What you will do: Omit every picture, and retype the lines that run from the beginning of the data below through the line containing "L = Long.parseLong(sc.next());", inclusive.
________________
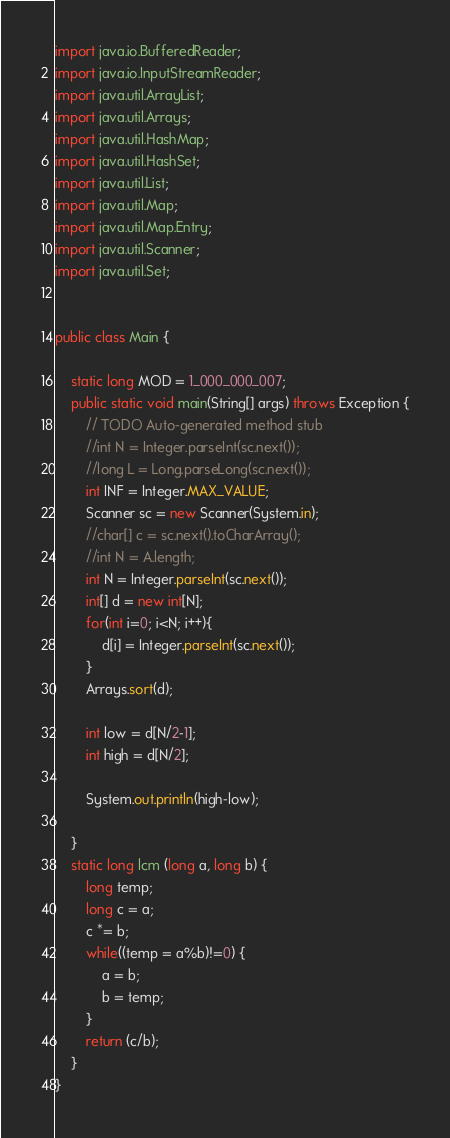Convert code to text. <code><loc_0><loc_0><loc_500><loc_500><_Java_>import java.io.BufferedReader;
import java.io.InputStreamReader;
import java.util.ArrayList;
import java.util.Arrays;
import java.util.HashMap;
import java.util.HashSet;
import java.util.List;
import java.util.Map;
import java.util.Map.Entry;
import java.util.Scanner;
import java.util.Set;
 
 
public class Main {

	static long MOD = 1_000_000_007;
	public static void main(String[] args) throws Exception {
		// TODO Auto-generated method stub
		//int N = Integer.parseInt(sc.next());
		//long L = Long.parseLong(sc.next());
		int INF = Integer.MAX_VALUE;
		Scanner sc = new Scanner(System.in);
		//char[] c = sc.next().toCharArray();
		//int N = A.length;
		int N = Integer.parseInt(sc.next());
		int[] d = new int[N];
		for(int i=0; i<N; i++){
			d[i] = Integer.parseInt(sc.next());
		}
		Arrays.sort(d);
		
		int low = d[N/2-1];
		int high = d[N/2];
		
		System.out.println(high-low);
		
	}
	static long lcm (long a, long b) {
		long temp;
		long c = a;
		c *= b;
		while((temp = a%b)!=0) {
			a = b;
			b = temp;
		}
		return (c/b);
	}
}

</code>
________________
Task output:
Convert code to text. <code><loc_0><loc_0><loc_500><loc_500><_Java_>import java.io.BufferedReader;
import java.io.InputStreamReader;
import java.util.ArrayList;
import java.util.Arrays;
import java.util.HashMap;
import java.util.HashSet;
import java.util.List;
import java.util.Map;
import java.util.Map.Entry;
import java.util.Scanner;
import java.util.Set;
 
 
public class Main {

	static long MOD = 1_000_000_007;
	public static void main(String[] args) throws Exception {
		// TODO Auto-generated method stub
		//int N = Integer.parseInt(sc.next());
		//long L = Long.parseLong(sc.next());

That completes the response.